The Benchmark — SWE-bench — Stochastic Sandbox

SWE-bench

Evaluates whether language models can autonomously resolve GitHub issues by writing and modifying code.

What it measures

SWE-bench tests a model’s ability to locate bugs, understand codebases, and generate fixes for real software engineering problems. Rather than isolated coding snippets, it uses actual pull requests from open-source Python repositories, asking models to produce diffs that resolve reported issues. This measures practical software engineering capability—reading error messages, navigating unfamiliar code, and producing patches that pass existing tests.

Why it was created

Existing coding benchmarks like HumanEval tested isolated problem-solving but not real-world software maintenance, where engineers spend most of their time debugging and modifying existing systems. SWE-bench was introduced in 2024 by researchers at Princeton and UC San Diego to bridge this gap. It emerged as models claimed increasing software engineering competence but lacked rigorous evaluation on realistic tasks.

How it works

SWE-bench contains 2,294 real GitHub issues from 12 popular Python projects (Django, scikit-learn, sympy, etc.). For each issue, the benchmark provides: the problem description, the repository code at a specific commit, and the ground-truth fix from the merged pull request. Models attempt to generate a patch that resolves the issue. Scoring uses two methods: (1) resolved/unresolved—does the fix make the issue’s test suite pass?—and (2) exact match—does the generated diff match the real PR? The test-based evaluation is more practical but less reproducible than exact matching.

What scores mean in practice

Claude 3.5 Sonnet (Oct 2024) achieves ~25% on the test-based metric with agentic scaffolding—meaning it successfully resolves about 1 in 4 real GitHub issues.

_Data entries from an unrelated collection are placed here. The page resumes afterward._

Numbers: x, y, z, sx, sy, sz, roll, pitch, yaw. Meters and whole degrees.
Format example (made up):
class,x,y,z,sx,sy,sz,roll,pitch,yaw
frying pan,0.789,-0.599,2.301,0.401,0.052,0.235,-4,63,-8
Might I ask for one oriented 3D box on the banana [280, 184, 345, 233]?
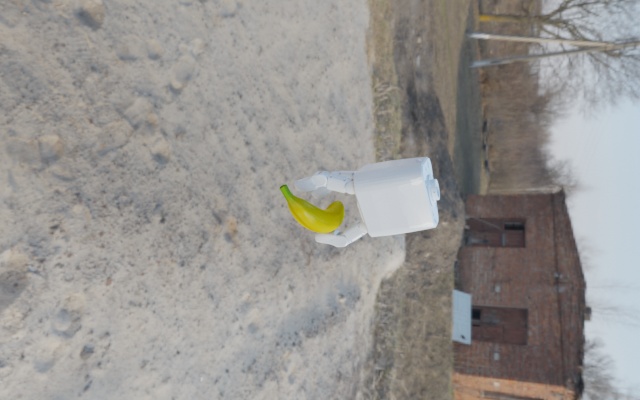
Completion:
class,x,y,z,sx,sy,sz,roll,pitch,yaw
banana,0.002,0.020,0.769,0.037,0.069,0.198,-16,-15,23
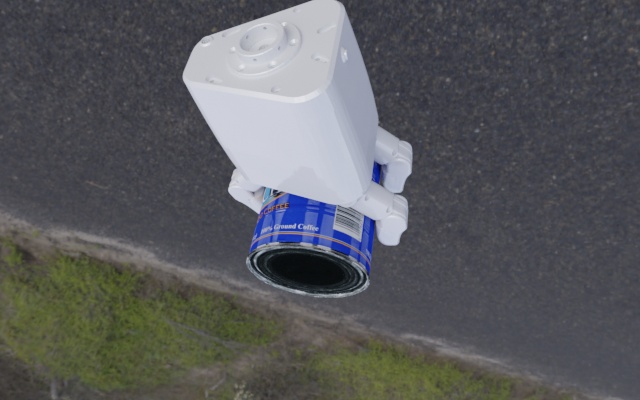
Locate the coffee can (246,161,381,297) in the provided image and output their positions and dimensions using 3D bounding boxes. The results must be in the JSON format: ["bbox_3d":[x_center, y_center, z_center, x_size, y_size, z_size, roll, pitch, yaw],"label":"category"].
[{"bbox_3d":[0.000,0.001,0.425,0.103,0.140,0.103,7,-31,4],"label":"coffee can"}]
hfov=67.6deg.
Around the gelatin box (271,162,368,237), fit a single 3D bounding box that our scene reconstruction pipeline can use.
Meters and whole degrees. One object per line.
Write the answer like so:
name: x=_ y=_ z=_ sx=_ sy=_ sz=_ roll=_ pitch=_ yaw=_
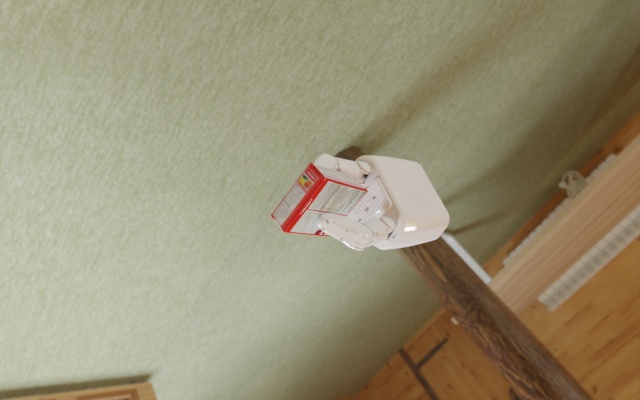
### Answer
gelatin box: x=0.000 y=0.002 z=0.516 sx=0.030 sy=0.073 sz=0.089 roll=49 pitch=21 yaw=29

GPT-4o scores around 19% under similar conditions. For context, human software engineers would likely resolve 70-80%+ of issues in codebases they’re moderately familiar with. Two years ago, no model had been systematically evaluated on this benchmark. A 5-10% score would have been respectable in early 2024; 25% represents substantial progress but also clarifies how far models remain from autonomous software maintenance.

Known limitations

Survivorship bias: The benchmark uses resolved issues (merged PRs), excluding rejected fixes or issues that community members abandoned. Models might struggle more on edge cases and disputed issues that never made it to the dataset.
Testing incompleteness: A fix passing existing tests doesn’t guarantee correctness—many real codebases have incomplete test coverage. Models could generate patches that work on the test suite but break functionality in production scenarios not covered.
Contamination risk: Popular Python repositories may be well-represented in training data. It’s unclear how much of models’ performance reflects genuine reasoning vs. memorized patterns from similar code they’ve seen. The exact-match scoring is particularly vulnerable to this.

When to trust it (and when not to)

Trust it for: Comparing relative progress on realistic software tasks and identifying which models are approaching practical usefulness for code review or minor refactoring. It’s concrete and reproducible in ways most coding benchmarks aren’t.
Don’t trust it alone for: Concluding that a model with 25% score is “25% as capable” as a human engineer—the distribution of difficulty is unknown, and real-world software work requires context-switching, communication, and debugging strategies beyond patch generation. Use it as one signal alongside code quality evaluations and practical testing in your specific codebase.